If she was that special and you cared so much, she wouldn't have hurt you to begin with, and you wouldn't be in this on-off, in-out tailspin.
Is she it for you?
Are you done with the game, done trying to meet other women?
If you are, then be with her and forget about here.
But you're here, which means you're not, so don't lie to yourself that you care about her so much and put extras on feelings that don't really exist, because it's just rationalizing and lying to yourself to make you feel better about your reality as it pertains to her, as it pertains to women period.
She is making you worse, when you really tap into yourself, who you are, the life you're leading, you'll realize that, you'll realize that women only push you in two directions in life, forwards or backwards, you're going nothing but backwards, accept that she is an opponent, not a teammate, and opponents only work against you so that you lose.

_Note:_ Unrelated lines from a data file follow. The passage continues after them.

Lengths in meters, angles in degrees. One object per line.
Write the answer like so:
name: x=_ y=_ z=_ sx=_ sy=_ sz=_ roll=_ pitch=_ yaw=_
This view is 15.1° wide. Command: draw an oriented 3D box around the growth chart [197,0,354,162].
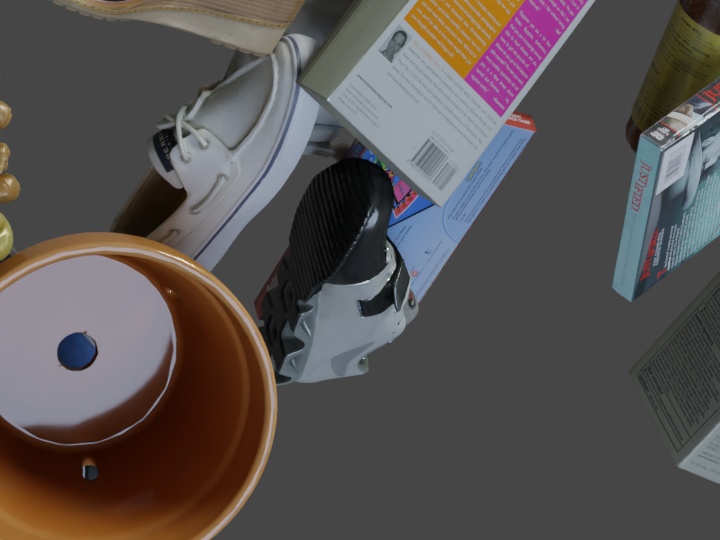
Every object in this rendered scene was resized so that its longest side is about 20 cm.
growth chart: x=-0.011 y=-0.144 z=1.642 sx=0.145 sy=0.018 sz=0.200 roll=14 pitch=123 yaw=-30

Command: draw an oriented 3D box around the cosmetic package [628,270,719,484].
cosmetic package: x=0.284 y=0.044 z=1.856 sx=0.073 sy=0.104 sz=0.200 roll=23 pitch=120 yaw=-35

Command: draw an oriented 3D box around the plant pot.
plant pot: x=-0.159 y=0.063 z=1.594 sx=0.200 sy=0.140 sz=0.200 roll=-4 pitch=106 yaw=-12

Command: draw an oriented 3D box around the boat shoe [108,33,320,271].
boat shoe: x=-0.092 y=-0.069 z=1.626 sx=0.070 sy=0.071 sz=0.200 roll=12 pitch=137 yaw=-30

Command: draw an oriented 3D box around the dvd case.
dvd case: x=0.239 y=-0.081 z=1.710 sx=0.200 sy=0.022 sz=0.146 roll=-37 pitch=151 yaw=-29

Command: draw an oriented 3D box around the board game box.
board game box: x=0.020 y=-0.033 z=1.735 sx=0.103 sy=0.019 sz=0.200 roll=11 pitch=131 yaw=-29

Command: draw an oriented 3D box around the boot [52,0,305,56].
boot: x=-0.105 y=-0.220 z=1.526 sx=0.200 sy=0.072 sz=0.166 roll=14 pitch=109 yaw=-23

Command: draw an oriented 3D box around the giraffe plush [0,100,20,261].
giraffe plush: x=-0.278 y=-0.061 z=1.509 sx=0.162 sy=0.200 sz=0.173 roll=-21 pitch=135 yaw=-41

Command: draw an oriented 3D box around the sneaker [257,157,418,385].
sneaker: x=0.000 y=0.000 z=1.701 sx=0.088 sy=0.074 sz=0.200 roll=2 pitch=144 yaw=-19

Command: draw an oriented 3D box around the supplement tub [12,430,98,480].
supplement tub: x=-0.231 y=0.135 z=1.714 sx=0.200 sy=0.123 sz=0.123 roll=8 pitch=126 yaw=-27

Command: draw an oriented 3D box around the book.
book: x=0.067 y=-0.150 z=1.597 sx=0.200 sy=0.048 sz=0.134 roll=-53 pitch=136 yaw=-4

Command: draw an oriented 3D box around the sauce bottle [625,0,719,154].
sauce bottle: x=0.226 y=-0.154 z=1.688 sx=0.066 sy=0.066 sz=0.200 roll=3 pitch=130 yaw=-22

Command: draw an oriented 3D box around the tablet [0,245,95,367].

Don't take any of that personally, it may sound harsh, but it's the truth, and right now you need the truth.
Here are the threads that I encourage you to read:
She's Not Good Enough
It's Over Before It's Over & What To Do When You Know It
The One Thing To Remember When You Leave Her
Who's In The Game: Players, Spectators, Opponents, and Teammates
Fake Dimes, Loser Females, & DOA Relationships
Players Vs. Gamblers
The Only Rule For Ex's
The Confidence Killers
On Your Self-Confidence and Confidence Killers (Part 2)
See The Truth
You'll find bits of pieces of her, yourself, and that ass relationship you have with her in them.
She doesn't "have a hold on you", you can move on, if you really want to show and prove to yourself that you can be better, that you can have better.
Until then.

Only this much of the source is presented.